We start with the uncertainty principle involving momentum.

 

\begin{aligned}\Delta p \Delta x & \geq \frac{\hbar}{2} \\\Delta p & \geq \frac{\hbar}{2 \Delta x}=\frac{6.58 \times 10^{-16} eV \cdot s }{2\left(8.0 \times 10^{-15} m \right)} \\\Delta p & \geq 0.041 eV \cdot s / m\end{aligned}

 

The momentum p must be at least as large as Δp. Hence p_{\min }=\Delta p \text {, and we have for } p_{\min } c:

 

p_{\min } c=(0.041 eV \cdot s / m )\left(3.0 \times 10^{8} m / s \right)=12 MeV

 

Because 12 MeV is only about 1% of the proton’s rest energy (938 MeV, see inside front cover), we can treat the problem nonrelativistically.

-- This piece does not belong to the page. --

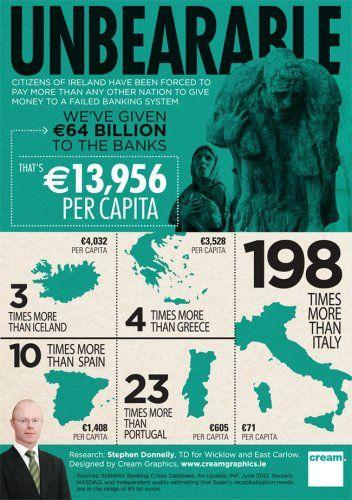Give some essential details in this illustration. The per capita income in Ireland is significantly higher than in Portugal, with a difference of €13,351. Iceland has a higher per capita income than Italy, with a difference of €3,961. Iceland has a higher per capita income than Greece, with €504 more given per capita in Iceland compared to Greece. The banks in Iceland receive an average of €4,032 per capita in monetary compensation. Iceland has a higher per capita income than Portugal, with a difference of €3,427.

The kinetic energy of a proton in this nucleus must be at least as large as

 

K=\frac{\left(p_{\min }\right)^{2}}{2 m}=\frac{\left(p_{\min } c\right)^{2}}{2 m c^{2}}=\frac{(12 MeV )^{2}}{2(938 MeV )}=0.08 MeV

 

which is an entirely reasonable experimental value. The result for a neutron would be similar.